Ensuite, à l’évocation de l’échappée du jour qualifiée de
«publicitaire» – les trois baroudeurs de service, Laengen,
Quemeneur et Backaert purent en effet «montrer le maillot» durant toute
l’après-midi –, il convenait de répondre à une question récurrente: pourquoi
les étapes sont-elles cette année retransmises intégralement alors que la
tradition voulait que cette préséance soit réservée uniquement aux «grandes»
étapes de montagne? Vous vous dites, chers lecteurs, que France Télévision a
usé de son monopole au seul bénéfice des performances, sinon des coureurs, accordant
ce surcroît de temps d’antenne pour l’unique gloire de la course? Vous
avez tout faux. C’est bien ASO qui a œuvré en coulisse pour convaincre le
groupe public de rallonger la sauce afin de permettre une meilleure exposition
télévisée… aux villes organisant les départs! Rien d’altruiste là-dedans.

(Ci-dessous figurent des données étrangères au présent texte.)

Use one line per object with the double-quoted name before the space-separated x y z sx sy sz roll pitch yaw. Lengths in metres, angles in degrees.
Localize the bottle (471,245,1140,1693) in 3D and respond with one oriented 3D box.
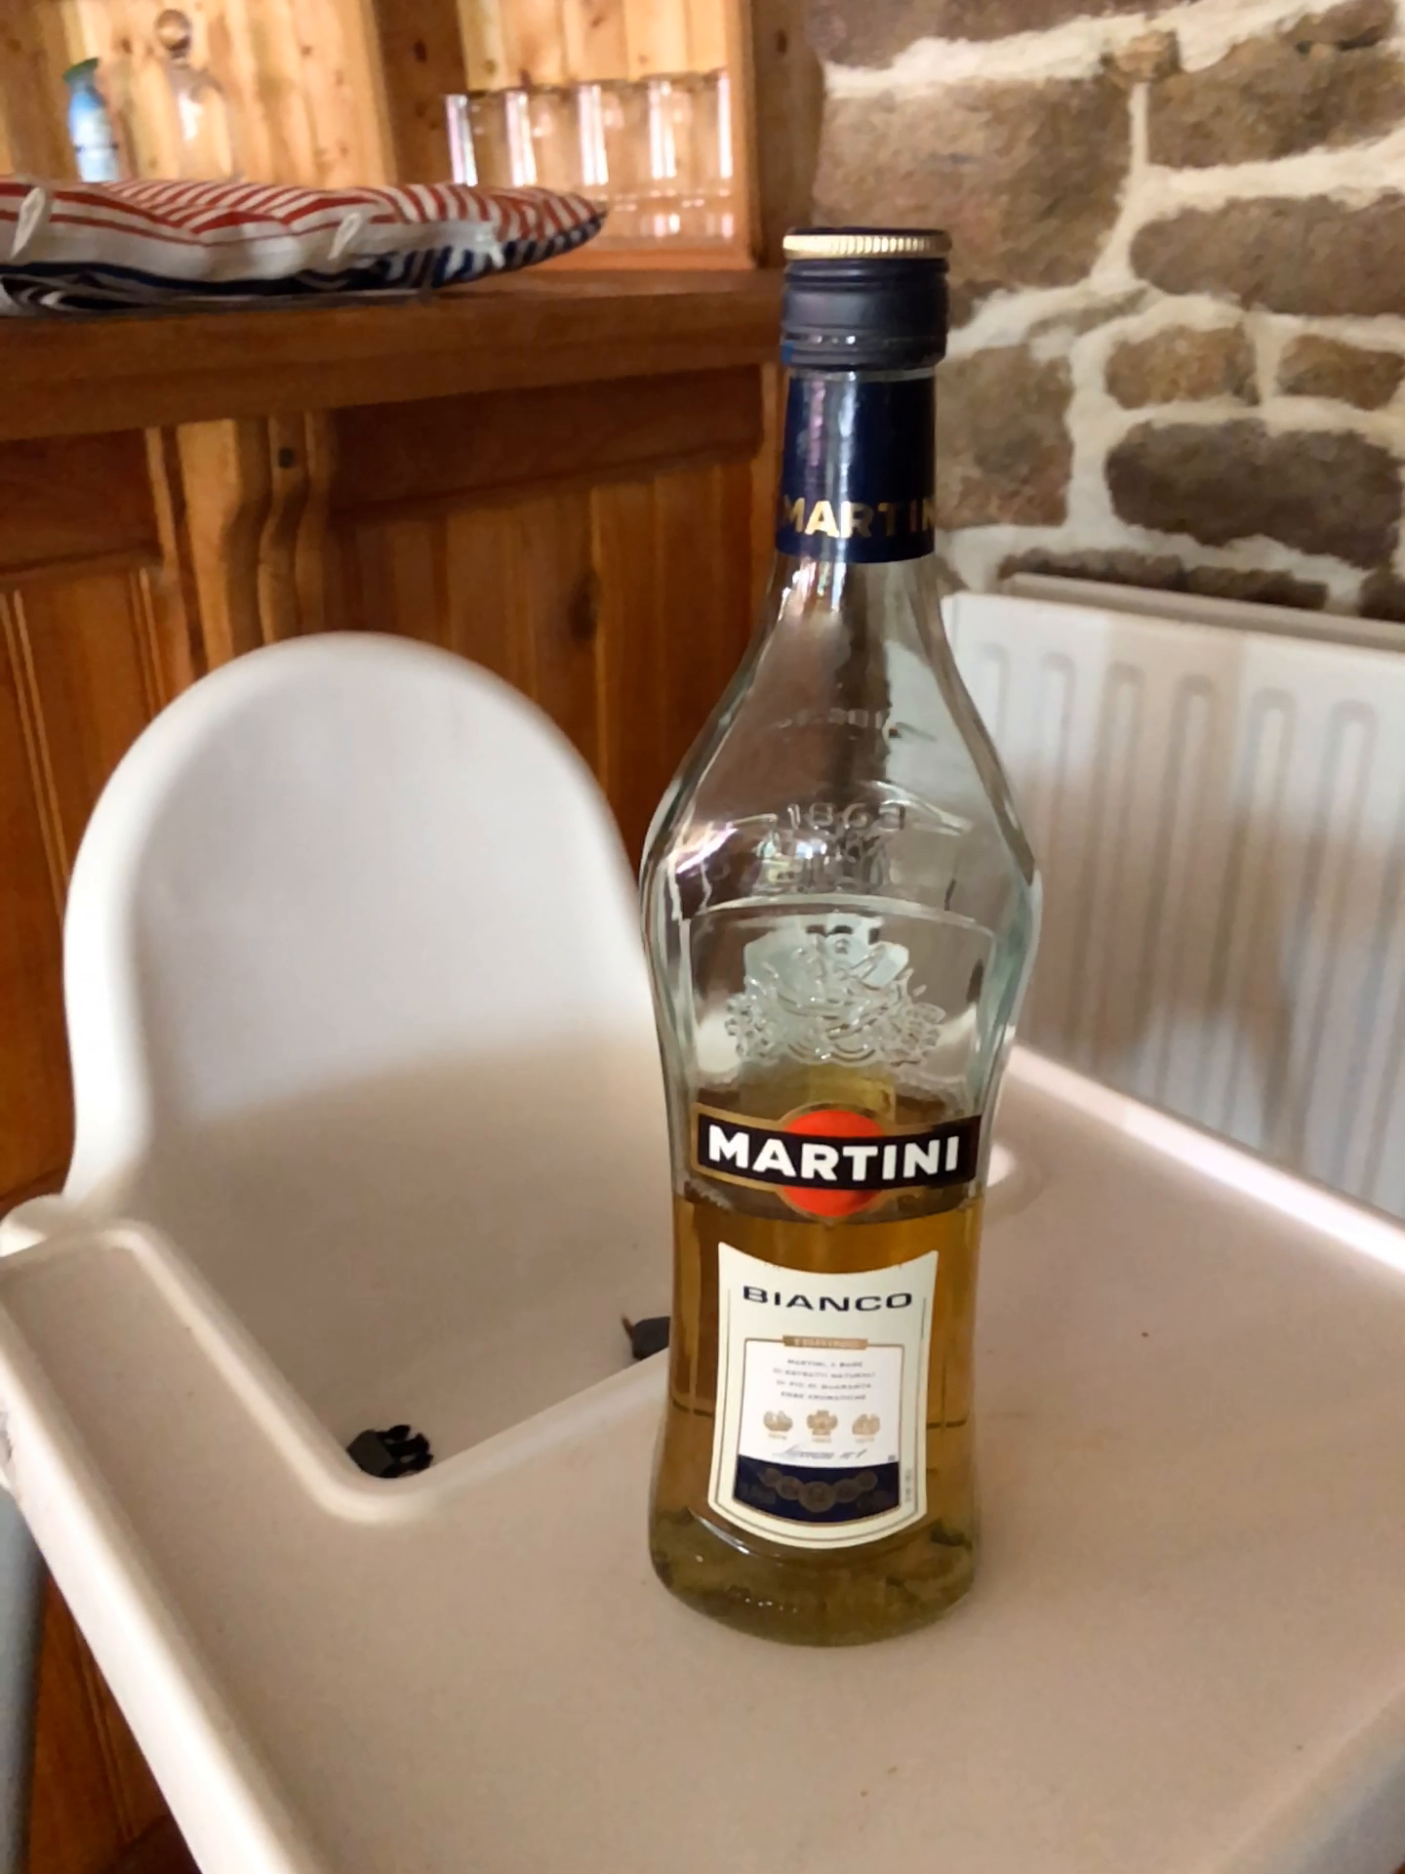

Dans cette perspective, négociée de longue date, ASO a déjà augmenté le coût
payé par les collectivités pour un «simple» départ d’étape. Et il progressera
encore l’an prochain, pour se rapprocher, nous dit-on, des tarifs réclamés aux
villes qui accueillent les arrivées. Le cyclisme n’échappe pas à la règle: le
sport ne pédale plus dans le vide, il est devenu un formidable enjeu économique
et un vecteur de communication hors norme. Qu’importe si le petit écran
banalise l’effort, gomme les reliefs des pentes et ne rend pas vraiment hommage
aux forçats de la route, effacés derrière leurs statistiques, leurs classements...
Mais attention: ce serait paraît-il une aubaine pour les «petites»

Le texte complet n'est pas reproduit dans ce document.